E mesmo assim, mesmo com toda essa intensidade, o sentir é a nossa única ponte com o real. É o que nos mostra o que importa. O que incomoda. O que falta. O que toca. O que não faz mais sentido. A gente não muda porque entendeu. A gente muda porque sentiu. Sentiu o limite, a decepção, a frustração, o estalo. O corpo sempre sabe antes da mente.

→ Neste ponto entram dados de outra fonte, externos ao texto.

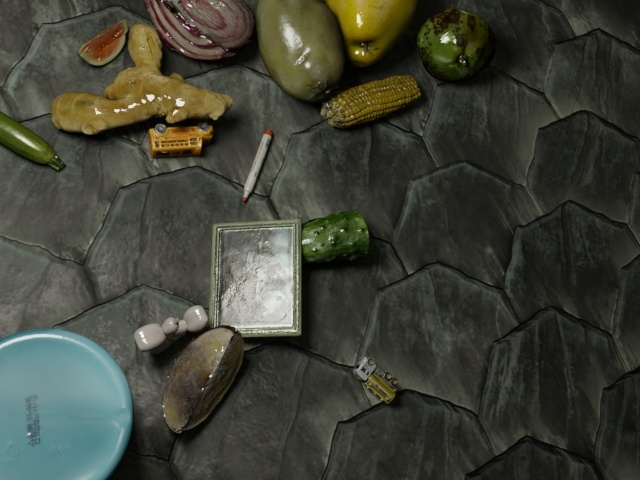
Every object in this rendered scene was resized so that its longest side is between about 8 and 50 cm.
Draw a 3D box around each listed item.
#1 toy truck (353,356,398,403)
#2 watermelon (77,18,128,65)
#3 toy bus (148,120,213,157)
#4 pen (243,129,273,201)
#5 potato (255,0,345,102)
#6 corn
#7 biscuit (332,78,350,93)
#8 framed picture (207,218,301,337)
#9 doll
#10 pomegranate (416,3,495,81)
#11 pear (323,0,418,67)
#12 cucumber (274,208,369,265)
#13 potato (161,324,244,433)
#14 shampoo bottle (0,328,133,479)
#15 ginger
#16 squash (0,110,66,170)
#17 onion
[{"bbox_3d":[0.138,0.346,1.720,0.123,0.052,0.063,40,71,-3],"label":"toy truck"},{"bbox_3d":[-0.554,-0.495,1.780,0.163,0.087,0.069,-47,121,-23],"label":"watermelon"},{"bbox_3d":[-0.351,-0.253,1.758,0.162,0.069,0.074,-6,75,-18],"label":"toy bus"},{"bbox_3d":[-0.167,-0.196,1.822,0.026,0.026,0.218,21,68,-10],"label":"pen"},{"bbox_3d":[-0.056,-0.526,1.849,0.220,0.243,0.327,-21,91,-13],"label":"potato"},{"bbox_3d":[0.143,-0.390,1.940,0.317,0.115,0.115,-21,79,-22],"label":"corn"},{"bbox_3d":[0.046,-0.427,1.970,0.092,0.016,0.082,-38,91,-23],"label":"biscuit"},{"bbox_3d":[-0.160,0.089,1.681,0.232,0.019,0.296,-4,71,7],"label":"framed picture"},{"bbox_3d":[-0.333,0.202,1.577,0.160,0.161,0.059,-28,78,-5],"label":"doll"},{"bbox_3d":[0.404,-0.602,2.035,0.222,0.204,0.277,30,67,-26],"label":"pomegranate"},{"bbox_3d":[0.147,-0.652,1.937,0.284,0.285,0.337,-7,82,-19],"label":"pear"},{"bbox_3d":[0.000,0.003,1.757,0.244,0.134,0.134,-8,75,-16],"label":"cucumber"},{"bbox_3d":[-0.269,0.312,1.600,0.120,0.100,0.261,23,78,33],"label":"potato"},{"bbox_3d":[-0.534,0.358,1.347,0.331,0.343,0.331,5,71,-15],"label":"shampoo bottle"},{"bbox_3d":[-0.439,-0.348,1.696,0.348,0.122,0.363,33,60,17],"label":"ginger"},{"bbox_3d":[-0.723,-0.247,1.642,0.252,0.066,0.066,32,66,-5],"label":"squash"},{"bbox_3d":[-0.319,-0.595,1.857,0.314,0.146,0.280,34,41,-4],"label":"onion"}]

Tem sentimentos que a gente julga e tenta amputar. Mas eles têm função. A raiva, por exemplo. Ela protege. Ela mostra um limite violado. O ciúme revela inseguranças que a gente não queria ver. A tristeza mostra o que nos importava. E até a indiferença, quando aparece, é uma resposta. O corpo dizendo que cansou de se importar.
A verdade é que sentir dói. Mas a ausência de sentir dói mais. Viver anestesiado, desconectado, com tudo no piloto automático. Isso sim é um luto prolongado. Um tipo de morte em vida. Porque sem sentir, a gente não escreve, não ama, não se posiciona, não cresce.
Sentir é o que nos humaniza. É o que nos ferve por dentro. O que nos arranca do lugar. O que nos confronta e nos obriga a escolher: vou me fechar ou vou atravessar isso? E quase sempre a resposta vem depois da dor. Porque o sentir não é linear. Ele confunde antes de clarear. Machuca antes de curar. E só quem aguenta esse processo começa a viver de verdade.